Identify ONNX nodes that can use PPU
- Type 0
- Type 1
Trace back from the model outputs and locate the output heads where the Conv output shape is [1, num_anchors*(5+num_classes), H, W]. After these conv layers, reshape, permute, and other post-processing operations are typically applied.
Take yolo5s.onnx as an example. For yolov5s, num_anchors is 3 and num_classes is 80, so you should find Conv nodes with a [1, 255, H, W] output feature. By tracing back from the model outputs, you can identify the three Conv nodes: Conv_196, Conv_308, and Conv_420, and configure these node names in the PPU section of the compilation config file.

Yolov5s PPU Conv node
"ppu": {
"type":0,
"conf_thres":0.25,
"activation": "Sigmoid",
"num_classes": 80,
"layer": {
"Conv_196": {
"num_anchors": 3
},
"Conv_308": {
"num_anchors": 3
},
"Conv_420": {
"num_anchors": 3
}
}
},
Trace back from the model outputs. For each detection scale, find three types of Conv nodes: bbox, obj_conf, and cls_conf.
-
bbox: conv layer that outputs bounding box regression values [1,4,H,W] -
obj_conf: conv layer that outputs object confidence scores [1,1,H,W] -
cls_conf: conv layer that outputs class prediction scores [1,80,HW]
Take YOLOXS-1.onnx as an example.

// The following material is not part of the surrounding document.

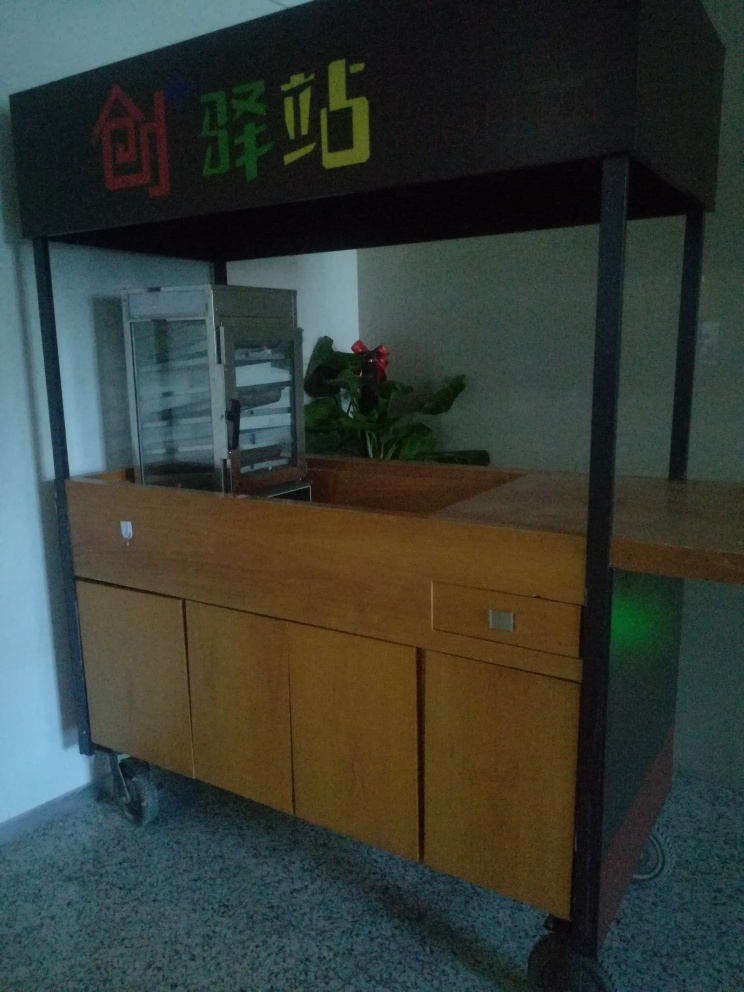What might be the function of the counter in the image? The counter in the image seems to be a reception area, as suggested by its design, the presence of a sign that could denote a company or department name, and small details such as the pamphlets or documents on the counter and the plant, which add a welcoming touch to the space.

YOLOXS has three scales. You need to locate a total of nine Conv nodes for bbox, obj_conf, and cls_conf. By tracing back from the outputs, you can identify these 9 Conv nodes and configure them in the PPU section of the compilation config file.

Yolov5s PPU Conv node
"ppu": {
"type":1,
"conf_thres":0.25,
"num_classes": 80,
"layer": [
{
"bbox": "Conv_261",
"obj_conf": "Conv_262",
"cls_conf": "Conv_254"
},
{
"bbox": "Conv_282",
"obj_conf": "Conv_283",
"cls_conf": "Conv_275"
},
{
"bbox": "Conv_303",
"obj_conf": "Conv_304",
"cls_conf": "Conv_296"
}
]
},
Parameter description
| Parameter | Type | Description |
|---|---|---|
type | int | Model type identifier. Set to 1 for Anchor-Free YOLO models |
conf_thres | float | Confidence threshold for filtering detection results. Note: This value is fixed at compile time and cannot be changed at runtime. |
num_classes | int | Number of object categories supported by the model |
layer | list | Detection layer configuration list. Each element corresponds to one detection head and contains the following fields: |
layer.bbox | string | Layer name that outputs bounding box coordinates (Bounding Box) |
layer.obj_conf | string | Layer name that outputs object confidence (Object Confidence) |
layer.cls_conf | string | Layer name that outputs class confidence (Class Confidence) |
Run model compilation
After completing the model configuration file, use the following command to compile the model.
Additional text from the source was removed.